*** Data for this exercise ***

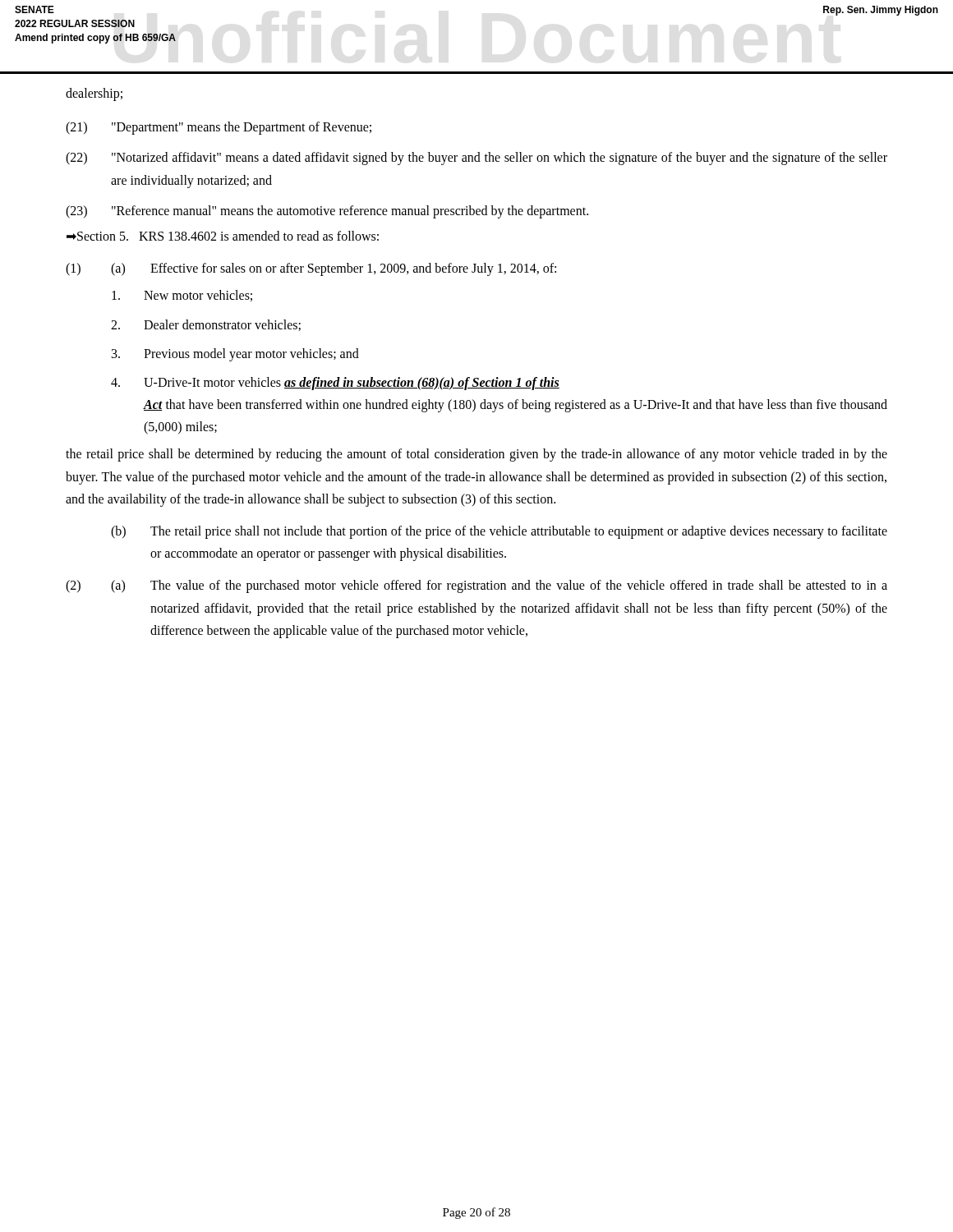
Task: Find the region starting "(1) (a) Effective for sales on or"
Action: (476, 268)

***
*** Data for this exercise ***

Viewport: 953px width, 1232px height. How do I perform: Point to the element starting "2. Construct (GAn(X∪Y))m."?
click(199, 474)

***
*** Data for this exercise ***

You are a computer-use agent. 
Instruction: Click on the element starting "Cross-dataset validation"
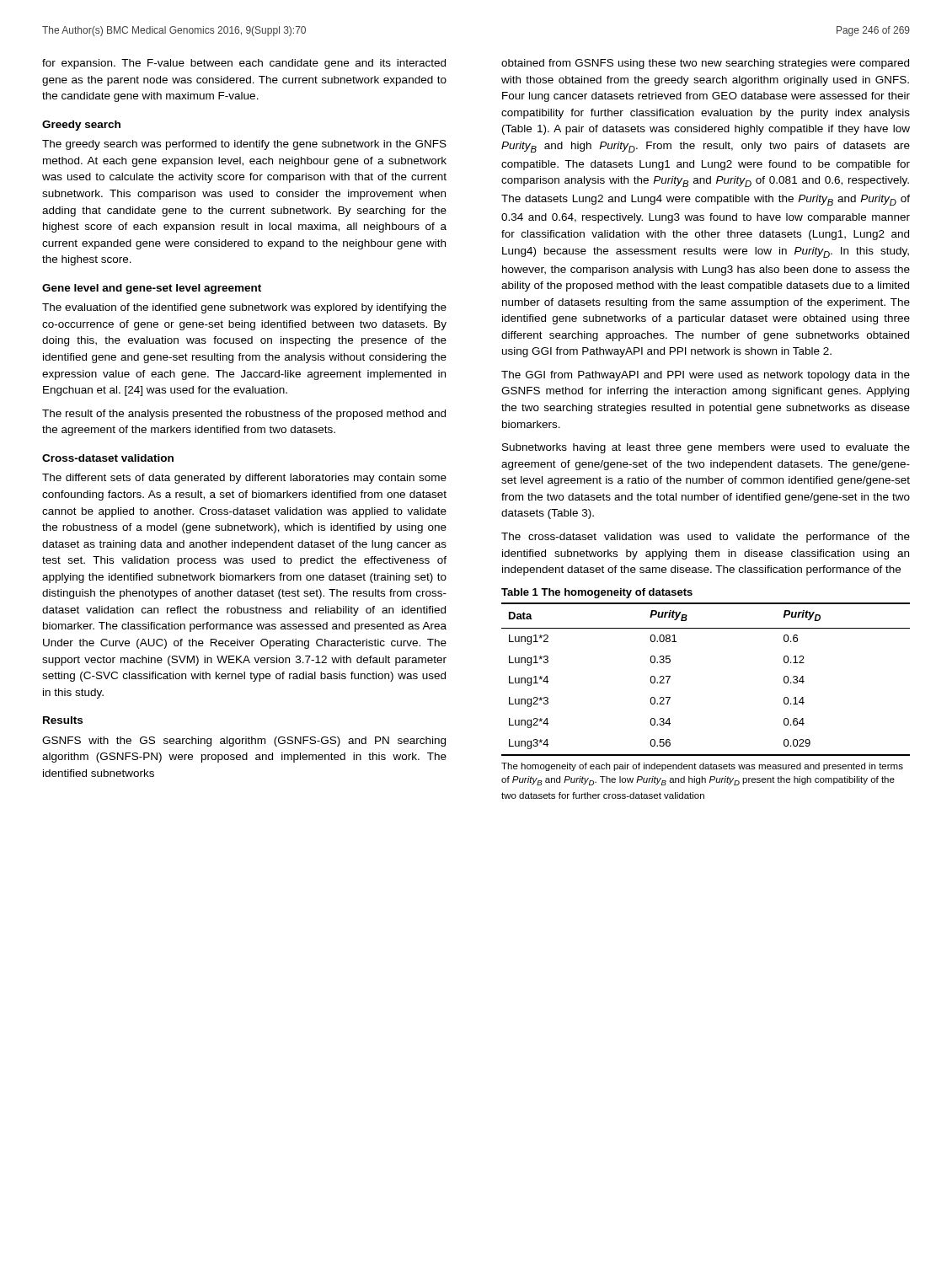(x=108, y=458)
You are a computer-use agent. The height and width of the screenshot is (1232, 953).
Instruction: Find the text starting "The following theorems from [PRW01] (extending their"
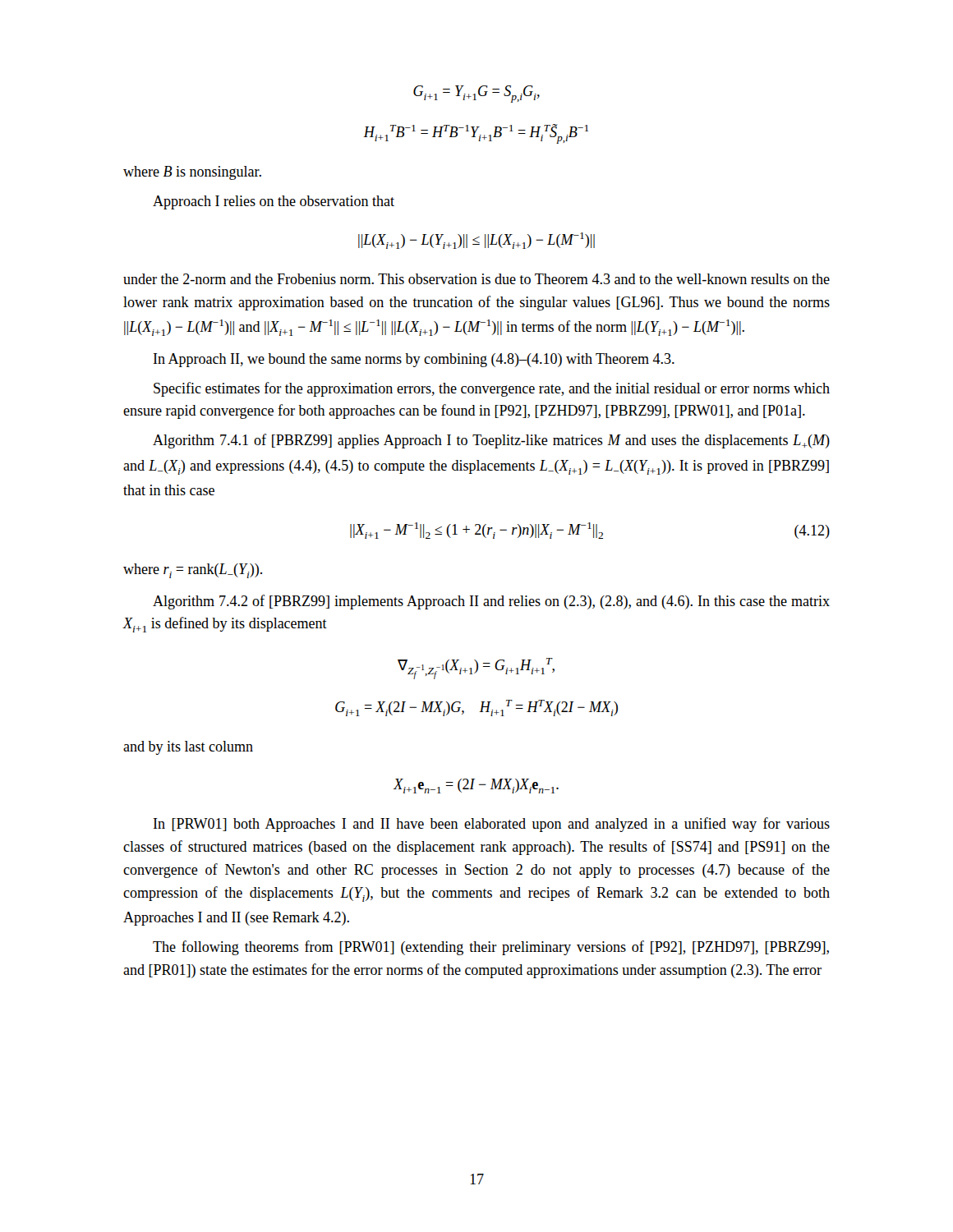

***

**What the task asks**. Across all the lines of the data, count those that include the word "agent" and reply with that number only.

**The answer**. 2